There are UK-based businesses looking closely at Iran – Charlemagne Capital, which runs a joint venture with Tehran’s Turquoise Partners, is the most well-known – but we are still some distance from the world’s biggest fund managers being ready (or legally able) to pile in to Tehran. Mandalay’s fund will use an investment team in Malta supported by a research team on the ground in Tehran.


Next, the fund will primarily invest in the Tehran Stock Exchange, but, while banking restrictions are still in place, will gain exposure in two other ways: through structuring offshore participation notes and through buying equities in Turkey, Pakistan and Iraq (since they’re Iran’s three largest neighbours) as well as other neighbouring countries in the Gulf, Caspian and Central Asia. In other words, at the start, it won’t directly own any Iranian shares.
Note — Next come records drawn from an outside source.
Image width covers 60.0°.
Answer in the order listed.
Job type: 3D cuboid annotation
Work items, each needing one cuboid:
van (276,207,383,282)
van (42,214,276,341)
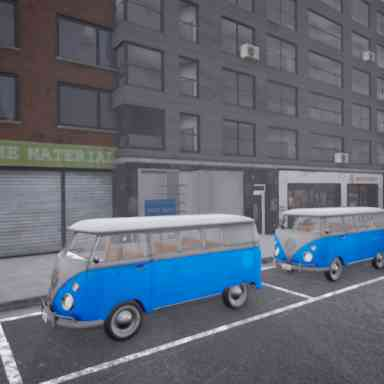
[{"bbox_3d":[4.042,1.333,9.452,3.998,1.788,1.690,0,-1,-36],"label":"van"},{"bbox_3d":[-0.498,1.338,6.198,3.998,1.788,1.690,0,-1,-36],"label":"van"}]
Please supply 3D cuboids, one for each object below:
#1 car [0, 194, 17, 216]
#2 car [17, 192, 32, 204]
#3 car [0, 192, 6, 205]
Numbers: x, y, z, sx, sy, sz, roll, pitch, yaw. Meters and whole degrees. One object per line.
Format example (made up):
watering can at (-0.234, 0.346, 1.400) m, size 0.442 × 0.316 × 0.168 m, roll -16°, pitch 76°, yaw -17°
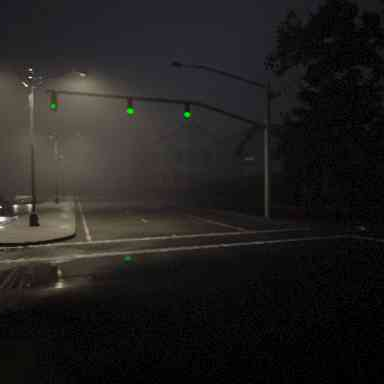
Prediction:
car at (-15.519, 1.057, 26.389) m, size 1.812 × 1.442 × 4.674 m, roll -1°, pitch 2°, yaw -19°
car at (-21.014, 0.744, 41.910) m, size 1.812 × 1.442 × 4.674 m, roll -1°, pitch 2°, yaw -19°
car at (-23.948, 0.797, 39.696) m, size 2.128 × 1.511 × 4.902 m, roll -1°, pitch 2°, yaw -19°
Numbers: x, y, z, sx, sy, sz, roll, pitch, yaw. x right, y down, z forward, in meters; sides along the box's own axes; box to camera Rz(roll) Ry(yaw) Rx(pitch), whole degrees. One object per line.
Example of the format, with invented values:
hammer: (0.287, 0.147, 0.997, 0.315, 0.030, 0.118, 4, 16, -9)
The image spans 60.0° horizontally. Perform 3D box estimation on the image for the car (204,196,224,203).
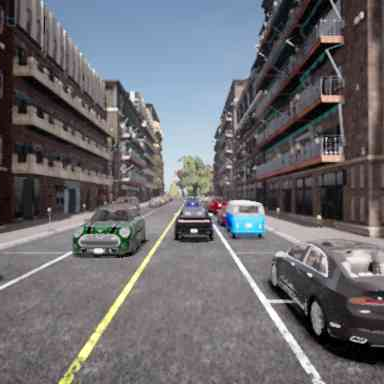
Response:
car: (2.697, 1.367, 34.606, 2.192, 1.841, 5.009, 1, 0, 0)

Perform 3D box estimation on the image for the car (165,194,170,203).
car: (-5.693, 1.645, 62.951, 1.887, 1.381, 4.507, 1, 0, 0)

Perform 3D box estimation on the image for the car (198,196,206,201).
car: (2.688, 1.721, 91.224, 1.947, 1.339, 4.313, 1, 0, 0)

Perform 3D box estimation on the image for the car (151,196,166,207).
car: (-5.691, 1.631, 51.628, 2.008, 1.369, 4.403, 1, 0, 0)

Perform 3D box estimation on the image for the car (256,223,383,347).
car: (2.700, 1.559, 6.297, 2.008, 1.369, 4.403, 1, 0, 0)

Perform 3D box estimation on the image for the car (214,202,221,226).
car: (2.696, 1.616, 23.282, 1.802, 1.307, 4.206, 1, 0, 0)

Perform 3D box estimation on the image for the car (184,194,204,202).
car: (0.091, 1.415, 41.092, 2.097, 1.767, 4.553, 0, 0, 0)

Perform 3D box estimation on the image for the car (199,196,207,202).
car: (2.685, 1.688, 85.561, 1.887, 1.381, 4.507, 1, 0, 0)

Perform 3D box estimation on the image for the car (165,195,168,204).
car: (-5.692, 1.615, 57.121, 1.752, 1.417, 4.829, 1, 0, 0)

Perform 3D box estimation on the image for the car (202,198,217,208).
car: (2.690, 1.631, 51.591, 2.008, 1.369, 4.403, 1, 0, 0)

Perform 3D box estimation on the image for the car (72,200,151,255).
car: (-3.102, 1.370, 13.317, 2.097, 1.767, 4.553, 0, 0, 0)

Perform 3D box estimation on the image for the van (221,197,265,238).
van: (2.700, 1.366, 17.621, 1.690, 1.788, 3.998, 1, 0, 0)

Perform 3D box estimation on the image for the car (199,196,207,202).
car: (2.684, 1.658, 80.071, 1.752, 1.417, 4.829, 1, 0, 0)

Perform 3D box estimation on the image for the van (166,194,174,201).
van: (-5.696, 1.485, 85.598, 1.690, 1.788, 3.998, 1, 0, 0)

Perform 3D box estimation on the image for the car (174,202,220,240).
car: (0.093, 1.517, 17.261, 2.128, 1.511, 4.902, 0, 0, 0)

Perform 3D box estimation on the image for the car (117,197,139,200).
car: (-5.682, 1.358, 28.982, 2.192, 1.841, 5.009, 1, 0, 0)

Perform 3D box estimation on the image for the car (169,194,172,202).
car: (-5.693, 1.551, 68.614, 1.967, 1.590, 4.097, 1, 0, 0)
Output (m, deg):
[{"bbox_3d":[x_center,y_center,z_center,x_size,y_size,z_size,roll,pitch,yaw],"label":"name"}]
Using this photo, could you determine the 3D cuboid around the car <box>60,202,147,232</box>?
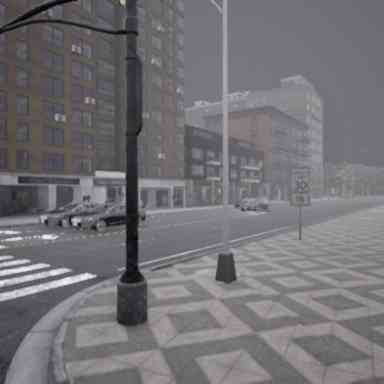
[{"bbox_3d":[-4.748,1.401,19.446,2.128,1.511,4.902,0,0,34],"label":"car"}]

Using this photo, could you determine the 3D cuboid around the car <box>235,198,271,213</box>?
[{"bbox_3d":[6.838,1.378,35.547,1.837,1.490,4.892,0,0,36],"label":"car"}]

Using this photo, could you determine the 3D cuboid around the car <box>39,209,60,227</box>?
[{"bbox_3d":[-7.301,1.412,21.446,2.128,1.511,4.902,0,0,36],"label":"car"}]
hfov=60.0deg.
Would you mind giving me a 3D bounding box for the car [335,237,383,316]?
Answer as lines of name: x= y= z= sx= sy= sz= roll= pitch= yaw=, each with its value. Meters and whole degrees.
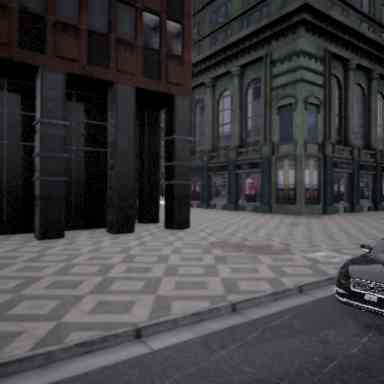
car: x=4.919 y=1.503 z=6.848 sx=4.892 sy=1.490 sz=1.837 roll=1 pitch=0 yaw=-35
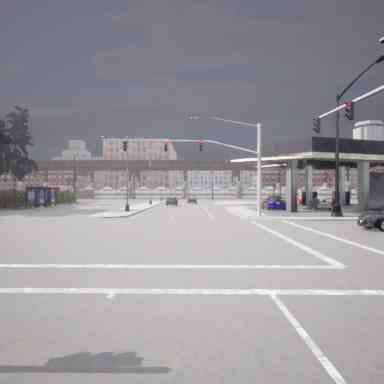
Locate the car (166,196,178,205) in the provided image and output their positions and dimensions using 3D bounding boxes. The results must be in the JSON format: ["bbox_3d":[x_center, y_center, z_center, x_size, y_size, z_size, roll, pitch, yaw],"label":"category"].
[{"bbox_3d":[-3.380,1.491,56.926,2.128,1.511,4.902,0,0,0],"label":"car"}]

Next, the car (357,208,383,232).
[{"bbox_3d":[12.297,1.505,19.528,4.892,1.490,1.837,0,0,-1],"label":"car"}]

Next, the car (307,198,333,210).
[{"bbox_3d":[15.469,1.456,40.452,1.970,1.475,3.806,0,0,0],"label":"car"}]

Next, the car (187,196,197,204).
[{"bbox_3d":[0.022,1.547,64.370,2.033,1.411,5.357,0,0,0],"label":"car"}]

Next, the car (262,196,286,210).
[{"bbox_3d":[9.724,1.295,39.691,2.242,1.667,4.611,0,0,0],"label":"car"}]
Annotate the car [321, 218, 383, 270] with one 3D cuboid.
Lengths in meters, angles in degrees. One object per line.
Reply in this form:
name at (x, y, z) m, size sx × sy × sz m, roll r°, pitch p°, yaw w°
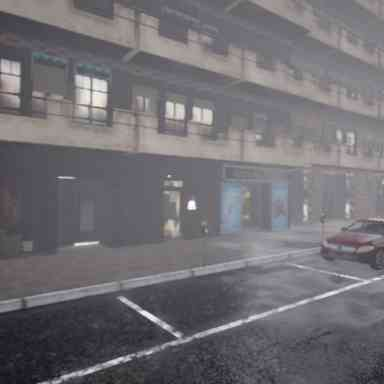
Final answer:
car at (5.960, 1.534, 10.804) m, size 4.206 × 1.307 × 1.802 m, roll 0°, pitch 1°, yaw -36°

This is an inevitability until the nuclear deal passes the US Congress, is ratified and various other restrictions are removed. “What’s going to happen is what happened in Saudi for years,” says Ali Akbar Ahsan at Magellan Capital, an Iran specialist. “All you have is promissory notes: a fund manager in London holds £10 million on account for a fund manager in Iran who invests his own money in the stock exchange.” Saudi is now in the process of stepping away from a promissory note model to direct holdings by foreigners, but the process has taken years. 

We expect $1 billion of inflows to equities 
within a year of sanctions ending

Charles Robertson, Renaissance Capital

Alisher Ali at Silk Road compares the situation to the early days of foreign investment in India through the P-note model, but notes a difference. “With India and Saudi, that was necessary because of regulatory restrictions. With Iran, the restrictions are not regulatory but sanctions, so we will be able to invest directly when Swift is turned on,” a process he thinks could be six months away.
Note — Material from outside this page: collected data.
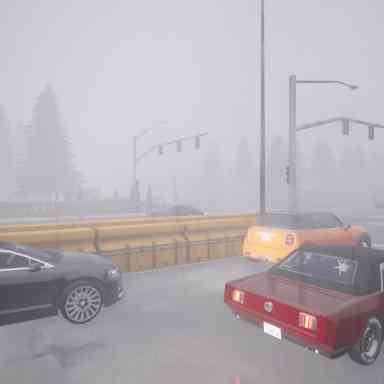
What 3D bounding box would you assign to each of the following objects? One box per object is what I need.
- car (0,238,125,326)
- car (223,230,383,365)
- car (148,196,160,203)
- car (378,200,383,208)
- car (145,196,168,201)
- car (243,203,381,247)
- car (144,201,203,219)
[{"bbox_3d":[-3.560,1.492,5.498,4.902,1.511,2.128,0,0,-36],"label":"car"},{"bbox_3d":[2.904,1.601,5.823,4.718,1.301,1.895,0,0,-36],"label":"car"},{"bbox_3d":[-7.972,1.514,70.211,2.033,1.411,5.357,0,0,-2],"label":"car"},{"bbox_3d":[26.720,1.547,44.591,5.357,1.411,2.033,0,0,-36],"label":"car"},{"bbox_3d":[-4.570,1.352,44.379,2.097,1.767,4.553,0,0,-36],"label":"car"},{"bbox_3d":[3.854,1.352,10.803,4.553,1.767,2.097,0,0,-36],"label":"car"},{"bbox_3d":[-1.119,1.564,24.900,4.181,1.385,1.994,0,0,-42],"label":"car"}]
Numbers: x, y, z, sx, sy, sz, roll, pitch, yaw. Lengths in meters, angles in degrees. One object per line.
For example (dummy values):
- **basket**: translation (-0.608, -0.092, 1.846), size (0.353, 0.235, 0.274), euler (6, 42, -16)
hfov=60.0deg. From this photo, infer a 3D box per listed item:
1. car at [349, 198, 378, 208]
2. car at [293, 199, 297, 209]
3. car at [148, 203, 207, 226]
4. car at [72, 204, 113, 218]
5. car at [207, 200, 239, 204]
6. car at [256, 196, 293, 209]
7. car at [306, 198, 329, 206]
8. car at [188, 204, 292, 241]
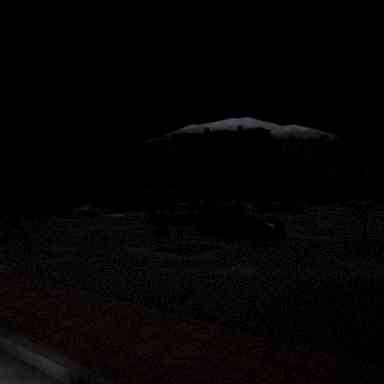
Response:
- **car**: translation (26.105, 1.654, 50.720), size (3.806, 1.475, 1.970), euler (-1, 0, 35)
- **car**: translation (10.917, 1.436, 42.357), size (4.605, 1.855, 1.932), euler (-1, 0, 35)
- **car**: translation (-1.266, 1.563, 23.882), size (3.806, 1.475, 1.970), euler (-1, 0, 35)
- **car**: translation (-10.594, 1.975, 35.623), size (1.812, 1.442, 4.674), euler (-1, 0, 35)
- **car**: translation (2.179, 1.487, 29.307), size (5.027, 1.636, 2.152), euler (-1, 0, 35)
- **car**: translation (9.574, 1.412, 39.748), size (3.866, 1.878, 1.905), euler (-1, 0, 35)
- **car**: translation (21.773, 1.712, 57.441), size (3.633, 1.501, 1.845), euler (-1, 0, 35)
- **car**: translation (2.370, 1.562, 16.819), size (4.514, 1.523, 2.007), euler (-1, 0, 35)
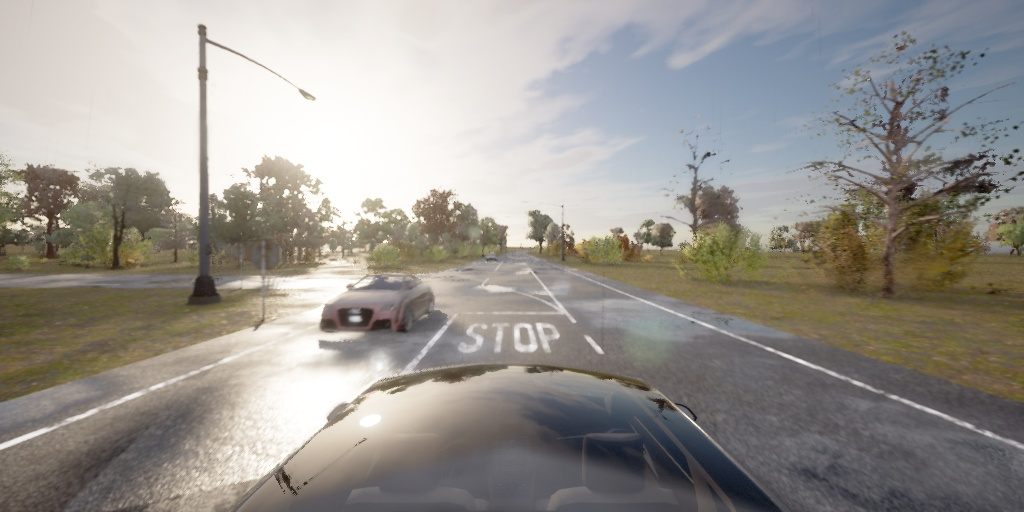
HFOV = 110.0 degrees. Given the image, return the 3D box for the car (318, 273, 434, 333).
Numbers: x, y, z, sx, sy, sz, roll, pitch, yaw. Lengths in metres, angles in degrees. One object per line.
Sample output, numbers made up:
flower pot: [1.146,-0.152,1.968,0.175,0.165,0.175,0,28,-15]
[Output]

Some mooted products talk about sanction screening: avoiding companies which are connected to arms or nuclear power, or those linked to the Revolutionary Guard, or those who remain on the sanctions list. But that’s not straightforward either. 

The Iranian state, the army and the Revolutionary Guard are enormously influential institutions on a commercial as much as a social level: they have their own investment companies, and some of Iran’s largest companies and investment vehicles have current or former generals in the background of their ownership structures. 

“Commercial entities of the military force known as Islamic Revolutionary Guard Corp are major actors [in the economy], with interests in a number of sectors such as construction, telecommunications and finance,” says Bank of America Merrill Lynch in a benchmark July 15 report. ‘The Iran Nexus’ is a 117-page study representative of how seriously bulge-bracket banks are taking research on the country’s opening. 

On the cusp

Still, this bit is unarguable. “Iran represents the biggest long-term investment opportunity in the global frontier universe by virtue of being the world’s largest untapped frontier market at the cusp of opening up,” says Ali. 

Further reading


Iran's pivotal moment

Unlike most frontier markets, Iran already has a well-functioning stock exchange: its market cap is over $100 billion and it trades $100 million a day. Today, it trades at 5.7 times forward earnings and offers a double-digit dividend yield. “We expect the Tehran Stock Exchange to become one of the world’s best-performing equity markets in 2016 and beyond.”

If Mandalay has been quick to pull the trigger, plenty of others are primed. At Charlemagne Capital, director Varda Lotan tells Euromoney its planned Iran fund is “a work in progress, as we are ensuring the fund will be compliant with all relevant EU sanctions.”

Once it’s clear that it’s not only legal but sustainable to go in, a lot of money is likely to enter the country. 

“We expect $1 billion of inflows to equities within a year of sanctions ending,” says Charles Robertson, chief economist at Renaissance Capital. “With roughly $100 million daily turnover and no Iranian restrictions on foreign investment, we think portfolio flows could be significant as early as 2015. 

"Others will buy into companies such as MTN or various Turkish stocks that have operational exposure.”